New report shows food insecurity a growing concern for Peterborough

University researchers say now is the time for new approaches

The report finds that while Peterborough has many community-based food security initiatives, such as the YWCA Peterborough Haliburton JustFood Program, a systems-wide strategy for food from production to consumption is absent in Peterborough (photo courtesy of YWCA Peterborough Haliburton Nourish Project)
The report finds that while Peterborough has many community-based food security initiatives, such as the YWCA Peterborough Haliburton JustFood Program, a systems-wide strategy for food from production to consumption is absent in Peterborough (photo courtesy of YWCA Peterborough Haliburton Nourish Project)

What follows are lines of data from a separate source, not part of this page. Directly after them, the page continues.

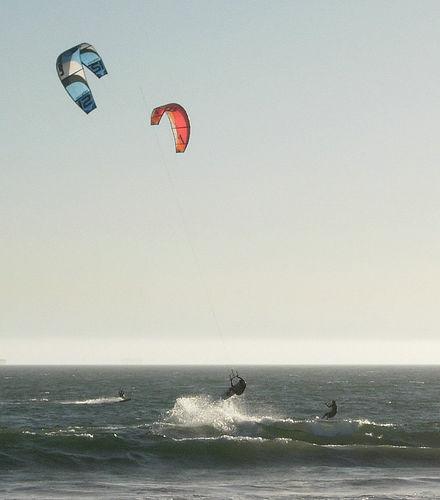What is this person doing?
Quick response, please. Windsurfing. Is there a pink and white kite under the blue sky?
Answer briefly. Yes. Is the wind making the kite fly?
Write a very short answer. Yes. Is it windy in the picture?
Keep it brief. Yes. When was this picture taken?
Write a very short answer. Daytime. Are those people staying safe?
Write a very short answer. Yes. 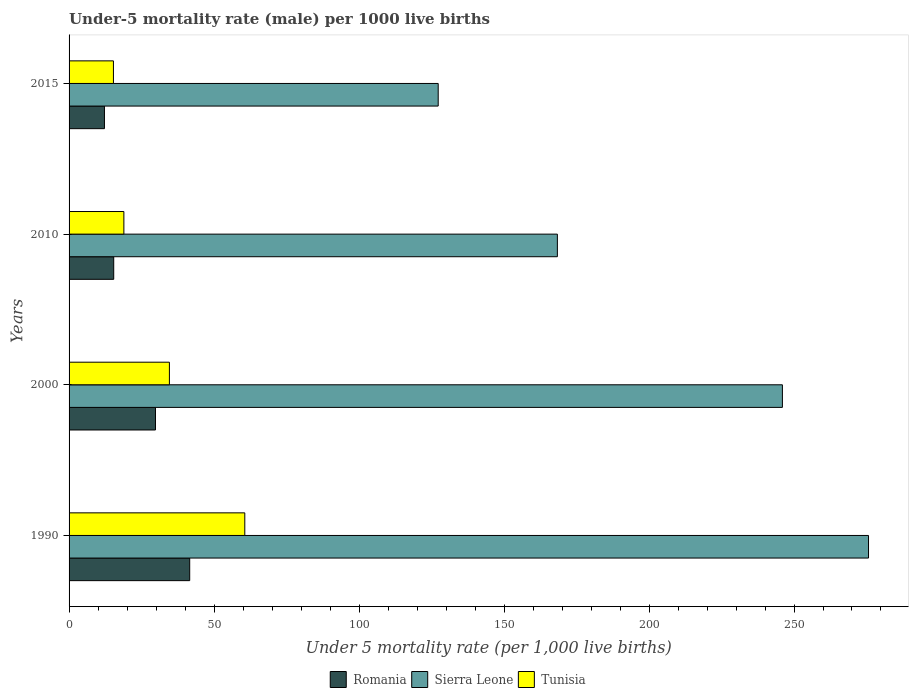Are the number of bars per tick equal to the number of legend labels?
Your answer should be compact. Yes. Are the number of bars on each tick of the Y-axis equal?
Give a very brief answer. Yes. How many bars are there on the 1st tick from the bottom?
Your answer should be very brief. 3. In how many cases, is the number of bars for a given year not equal to the number of legend labels?
Make the answer very short. 0. What is the under-five mortality rate in Sierra Leone in 1990?
Make the answer very short. 275.7. Across all years, what is the maximum under-five mortality rate in Tunisia?
Your answer should be very brief. 60.6. In which year was the under-five mortality rate in Tunisia maximum?
Offer a terse response. 1990. In which year was the under-five mortality rate in Sierra Leone minimum?
Your answer should be compact. 2015. What is the total under-five mortality rate in Sierra Leone in the graph?
Your answer should be very brief. 817.4. What is the difference between the under-five mortality rate in Tunisia in 2010 and that in 2015?
Your response must be concise. 3.6. What is the difference between the under-five mortality rate in Sierra Leone in 2010 and the under-five mortality rate in Romania in 2015?
Your answer should be very brief. 156.2. What is the average under-five mortality rate in Tunisia per year?
Offer a very short reply. 32.35. In the year 2015, what is the difference between the under-five mortality rate in Sierra Leone and under-five mortality rate in Romania?
Offer a very short reply. 115.1. In how many years, is the under-five mortality rate in Romania greater than 230 ?
Your answer should be very brief. 0. What is the ratio of the under-five mortality rate in Tunisia in 2000 to that in 2010?
Keep it short and to the point. 1.83. Is the difference between the under-five mortality rate in Sierra Leone in 1990 and 2015 greater than the difference between the under-five mortality rate in Romania in 1990 and 2015?
Make the answer very short. Yes. What is the difference between the highest and the lowest under-five mortality rate in Sierra Leone?
Ensure brevity in your answer.  148.4. In how many years, is the under-five mortality rate in Sierra Leone greater than the average under-five mortality rate in Sierra Leone taken over all years?
Your response must be concise. 2. What does the 2nd bar from the top in 2010 represents?
Your response must be concise. Sierra Leone. What does the 3rd bar from the bottom in 2000 represents?
Your response must be concise. Tunisia. How many bars are there?
Provide a short and direct response. 12. Are the values on the major ticks of X-axis written in scientific E-notation?
Your answer should be very brief. No. Does the graph contain any zero values?
Your response must be concise. No. Does the graph contain grids?
Ensure brevity in your answer.  No. What is the title of the graph?
Keep it short and to the point. Under-5 mortality rate (male) per 1000 live births. Does "Hong Kong" appear as one of the legend labels in the graph?
Your response must be concise. No. What is the label or title of the X-axis?
Your response must be concise. Under 5 mortality rate (per 1,0 live births). What is the Under 5 mortality rate (per 1,000 live births) in Romania in 1990?
Keep it short and to the point. 41.6. What is the Under 5 mortality rate (per 1,000 live births) of Sierra Leone in 1990?
Provide a short and direct response. 275.7. What is the Under 5 mortality rate (per 1,000 live births) of Tunisia in 1990?
Offer a very short reply. 60.6. What is the Under 5 mortality rate (per 1,000 live births) of Romania in 2000?
Your response must be concise. 29.8. What is the Under 5 mortality rate (per 1,000 live births) of Sierra Leone in 2000?
Keep it short and to the point. 246. What is the Under 5 mortality rate (per 1,000 live births) in Tunisia in 2000?
Your response must be concise. 34.6. What is the Under 5 mortality rate (per 1,000 live births) of Sierra Leone in 2010?
Give a very brief answer. 168.4. What is the Under 5 mortality rate (per 1,000 live births) in Romania in 2015?
Make the answer very short. 12.2. What is the Under 5 mortality rate (per 1,000 live births) in Sierra Leone in 2015?
Offer a terse response. 127.3. Across all years, what is the maximum Under 5 mortality rate (per 1,000 live births) of Romania?
Offer a very short reply. 41.6. Across all years, what is the maximum Under 5 mortality rate (per 1,000 live births) of Sierra Leone?
Ensure brevity in your answer.  275.7. Across all years, what is the maximum Under 5 mortality rate (per 1,000 live births) of Tunisia?
Keep it short and to the point. 60.6. Across all years, what is the minimum Under 5 mortality rate (per 1,000 live births) of Sierra Leone?
Give a very brief answer. 127.3. Across all years, what is the minimum Under 5 mortality rate (per 1,000 live births) in Tunisia?
Provide a short and direct response. 15.3. What is the total Under 5 mortality rate (per 1,000 live births) of Sierra Leone in the graph?
Offer a very short reply. 817.4. What is the total Under 5 mortality rate (per 1,000 live births) of Tunisia in the graph?
Ensure brevity in your answer.  129.4. What is the difference between the Under 5 mortality rate (per 1,000 live births) of Romania in 1990 and that in 2000?
Your answer should be compact. 11.8. What is the difference between the Under 5 mortality rate (per 1,000 live births) of Sierra Leone in 1990 and that in 2000?
Keep it short and to the point. 29.7. What is the difference between the Under 5 mortality rate (per 1,000 live births) of Tunisia in 1990 and that in 2000?
Offer a terse response. 26. What is the difference between the Under 5 mortality rate (per 1,000 live births) of Romania in 1990 and that in 2010?
Your response must be concise. 26.2. What is the difference between the Under 5 mortality rate (per 1,000 live births) of Sierra Leone in 1990 and that in 2010?
Your answer should be very brief. 107.3. What is the difference between the Under 5 mortality rate (per 1,000 live births) of Tunisia in 1990 and that in 2010?
Keep it short and to the point. 41.7. What is the difference between the Under 5 mortality rate (per 1,000 live births) of Romania in 1990 and that in 2015?
Give a very brief answer. 29.4. What is the difference between the Under 5 mortality rate (per 1,000 live births) in Sierra Leone in 1990 and that in 2015?
Provide a short and direct response. 148.4. What is the difference between the Under 5 mortality rate (per 1,000 live births) in Tunisia in 1990 and that in 2015?
Offer a terse response. 45.3. What is the difference between the Under 5 mortality rate (per 1,000 live births) of Sierra Leone in 2000 and that in 2010?
Offer a terse response. 77.6. What is the difference between the Under 5 mortality rate (per 1,000 live births) in Tunisia in 2000 and that in 2010?
Keep it short and to the point. 15.7. What is the difference between the Under 5 mortality rate (per 1,000 live births) of Romania in 2000 and that in 2015?
Offer a very short reply. 17.6. What is the difference between the Under 5 mortality rate (per 1,000 live births) in Sierra Leone in 2000 and that in 2015?
Make the answer very short. 118.7. What is the difference between the Under 5 mortality rate (per 1,000 live births) of Tunisia in 2000 and that in 2015?
Your response must be concise. 19.3. What is the difference between the Under 5 mortality rate (per 1,000 live births) in Sierra Leone in 2010 and that in 2015?
Your answer should be compact. 41.1. What is the difference between the Under 5 mortality rate (per 1,000 live births) of Tunisia in 2010 and that in 2015?
Your answer should be compact. 3.6. What is the difference between the Under 5 mortality rate (per 1,000 live births) of Romania in 1990 and the Under 5 mortality rate (per 1,000 live births) of Sierra Leone in 2000?
Provide a short and direct response. -204.4. What is the difference between the Under 5 mortality rate (per 1,000 live births) in Romania in 1990 and the Under 5 mortality rate (per 1,000 live births) in Tunisia in 2000?
Your answer should be very brief. 7. What is the difference between the Under 5 mortality rate (per 1,000 live births) of Sierra Leone in 1990 and the Under 5 mortality rate (per 1,000 live births) of Tunisia in 2000?
Offer a terse response. 241.1. What is the difference between the Under 5 mortality rate (per 1,000 live births) in Romania in 1990 and the Under 5 mortality rate (per 1,000 live births) in Sierra Leone in 2010?
Provide a succinct answer. -126.8. What is the difference between the Under 5 mortality rate (per 1,000 live births) of Romania in 1990 and the Under 5 mortality rate (per 1,000 live births) of Tunisia in 2010?
Provide a succinct answer. 22.7. What is the difference between the Under 5 mortality rate (per 1,000 live births) of Sierra Leone in 1990 and the Under 5 mortality rate (per 1,000 live births) of Tunisia in 2010?
Provide a succinct answer. 256.8. What is the difference between the Under 5 mortality rate (per 1,000 live births) in Romania in 1990 and the Under 5 mortality rate (per 1,000 live births) in Sierra Leone in 2015?
Your response must be concise. -85.7. What is the difference between the Under 5 mortality rate (per 1,000 live births) in Romania in 1990 and the Under 5 mortality rate (per 1,000 live births) in Tunisia in 2015?
Make the answer very short. 26.3. What is the difference between the Under 5 mortality rate (per 1,000 live births) in Sierra Leone in 1990 and the Under 5 mortality rate (per 1,000 live births) in Tunisia in 2015?
Give a very brief answer. 260.4. What is the difference between the Under 5 mortality rate (per 1,000 live births) in Romania in 2000 and the Under 5 mortality rate (per 1,000 live births) in Sierra Leone in 2010?
Your answer should be very brief. -138.6. What is the difference between the Under 5 mortality rate (per 1,000 live births) of Romania in 2000 and the Under 5 mortality rate (per 1,000 live births) of Tunisia in 2010?
Your answer should be very brief. 10.9. What is the difference between the Under 5 mortality rate (per 1,000 live births) in Sierra Leone in 2000 and the Under 5 mortality rate (per 1,000 live births) in Tunisia in 2010?
Keep it short and to the point. 227.1. What is the difference between the Under 5 mortality rate (per 1,000 live births) of Romania in 2000 and the Under 5 mortality rate (per 1,000 live births) of Sierra Leone in 2015?
Provide a short and direct response. -97.5. What is the difference between the Under 5 mortality rate (per 1,000 live births) of Sierra Leone in 2000 and the Under 5 mortality rate (per 1,000 live births) of Tunisia in 2015?
Ensure brevity in your answer.  230.7. What is the difference between the Under 5 mortality rate (per 1,000 live births) in Romania in 2010 and the Under 5 mortality rate (per 1,000 live births) in Sierra Leone in 2015?
Provide a succinct answer. -111.9. What is the difference between the Under 5 mortality rate (per 1,000 live births) of Sierra Leone in 2010 and the Under 5 mortality rate (per 1,000 live births) of Tunisia in 2015?
Give a very brief answer. 153.1. What is the average Under 5 mortality rate (per 1,000 live births) of Romania per year?
Ensure brevity in your answer.  24.75. What is the average Under 5 mortality rate (per 1,000 live births) in Sierra Leone per year?
Your answer should be very brief. 204.35. What is the average Under 5 mortality rate (per 1,000 live births) of Tunisia per year?
Your answer should be compact. 32.35. In the year 1990, what is the difference between the Under 5 mortality rate (per 1,000 live births) in Romania and Under 5 mortality rate (per 1,000 live births) in Sierra Leone?
Provide a succinct answer. -234.1. In the year 1990, what is the difference between the Under 5 mortality rate (per 1,000 live births) in Sierra Leone and Under 5 mortality rate (per 1,000 live births) in Tunisia?
Ensure brevity in your answer.  215.1. In the year 2000, what is the difference between the Under 5 mortality rate (per 1,000 live births) of Romania and Under 5 mortality rate (per 1,000 live births) of Sierra Leone?
Make the answer very short. -216.2. In the year 2000, what is the difference between the Under 5 mortality rate (per 1,000 live births) in Sierra Leone and Under 5 mortality rate (per 1,000 live births) in Tunisia?
Offer a very short reply. 211.4. In the year 2010, what is the difference between the Under 5 mortality rate (per 1,000 live births) of Romania and Under 5 mortality rate (per 1,000 live births) of Sierra Leone?
Provide a short and direct response. -153. In the year 2010, what is the difference between the Under 5 mortality rate (per 1,000 live births) in Romania and Under 5 mortality rate (per 1,000 live births) in Tunisia?
Your answer should be compact. -3.5. In the year 2010, what is the difference between the Under 5 mortality rate (per 1,000 live births) in Sierra Leone and Under 5 mortality rate (per 1,000 live births) in Tunisia?
Offer a terse response. 149.5. In the year 2015, what is the difference between the Under 5 mortality rate (per 1,000 live births) of Romania and Under 5 mortality rate (per 1,000 live births) of Sierra Leone?
Offer a terse response. -115.1. In the year 2015, what is the difference between the Under 5 mortality rate (per 1,000 live births) in Romania and Under 5 mortality rate (per 1,000 live births) in Tunisia?
Offer a terse response. -3.1. In the year 2015, what is the difference between the Under 5 mortality rate (per 1,000 live births) in Sierra Leone and Under 5 mortality rate (per 1,000 live births) in Tunisia?
Give a very brief answer. 112. What is the ratio of the Under 5 mortality rate (per 1,000 live births) of Romania in 1990 to that in 2000?
Your answer should be very brief. 1.4. What is the ratio of the Under 5 mortality rate (per 1,000 live births) of Sierra Leone in 1990 to that in 2000?
Your answer should be compact. 1.12. What is the ratio of the Under 5 mortality rate (per 1,000 live births) of Tunisia in 1990 to that in 2000?
Offer a terse response. 1.75. What is the ratio of the Under 5 mortality rate (per 1,000 live births) in Romania in 1990 to that in 2010?
Your response must be concise. 2.7. What is the ratio of the Under 5 mortality rate (per 1,000 live births) of Sierra Leone in 1990 to that in 2010?
Provide a succinct answer. 1.64. What is the ratio of the Under 5 mortality rate (per 1,000 live births) in Tunisia in 1990 to that in 2010?
Ensure brevity in your answer.  3.21. What is the ratio of the Under 5 mortality rate (per 1,000 live births) in Romania in 1990 to that in 2015?
Your answer should be very brief. 3.41. What is the ratio of the Under 5 mortality rate (per 1,000 live births) in Sierra Leone in 1990 to that in 2015?
Provide a short and direct response. 2.17. What is the ratio of the Under 5 mortality rate (per 1,000 live births) in Tunisia in 1990 to that in 2015?
Make the answer very short. 3.96. What is the ratio of the Under 5 mortality rate (per 1,000 live births) of Romania in 2000 to that in 2010?
Provide a succinct answer. 1.94. What is the ratio of the Under 5 mortality rate (per 1,000 live births) of Sierra Leone in 2000 to that in 2010?
Offer a very short reply. 1.46. What is the ratio of the Under 5 mortality rate (per 1,000 live births) in Tunisia in 2000 to that in 2010?
Your answer should be compact. 1.83. What is the ratio of the Under 5 mortality rate (per 1,000 live births) of Romania in 2000 to that in 2015?
Your response must be concise. 2.44. What is the ratio of the Under 5 mortality rate (per 1,000 live births) of Sierra Leone in 2000 to that in 2015?
Offer a terse response. 1.93. What is the ratio of the Under 5 mortality rate (per 1,000 live births) of Tunisia in 2000 to that in 2015?
Your answer should be very brief. 2.26. What is the ratio of the Under 5 mortality rate (per 1,000 live births) in Romania in 2010 to that in 2015?
Make the answer very short. 1.26. What is the ratio of the Under 5 mortality rate (per 1,000 live births) in Sierra Leone in 2010 to that in 2015?
Your answer should be very brief. 1.32. What is the ratio of the Under 5 mortality rate (per 1,000 live births) in Tunisia in 2010 to that in 2015?
Provide a short and direct response. 1.24. What is the difference between the highest and the second highest Under 5 mortality rate (per 1,000 live births) of Sierra Leone?
Give a very brief answer. 29.7. What is the difference between the highest and the second highest Under 5 mortality rate (per 1,000 live births) of Tunisia?
Provide a succinct answer. 26. What is the difference between the highest and the lowest Under 5 mortality rate (per 1,000 live births) of Romania?
Provide a succinct answer. 29.4. What is the difference between the highest and the lowest Under 5 mortality rate (per 1,000 live births) in Sierra Leone?
Offer a terse response. 148.4. What is the difference between the highest and the lowest Under 5 mortality rate (per 1,000 live births) in Tunisia?
Give a very brief answer. 45.3.

A new report entitled Food Access, Housing Security and Community Connections: A Case Study of Peterborough, Ontario was released today by Carleton and Trent University academics, in association with the Centre for Sustainable Food Systems at Wilfrid Laurier University.

The report concludes that the community of Peterborough is doing many things right when it comes to addressing food insecurity and housing insecurity, but that the issues are not going away and may even be getting worse. It argues that it is time for some new cross-cutting approaches.

“Peterborough was chosen for this study because it faces challenges when it comes to both food insecurity and housing insecurity,” says Dr. Peter Andrée of Carleton University, lead author of the report.

“Despite this, Peterborough is home to a vibrant collection of community-based initiatives working to address these issues alongside City and County governments.”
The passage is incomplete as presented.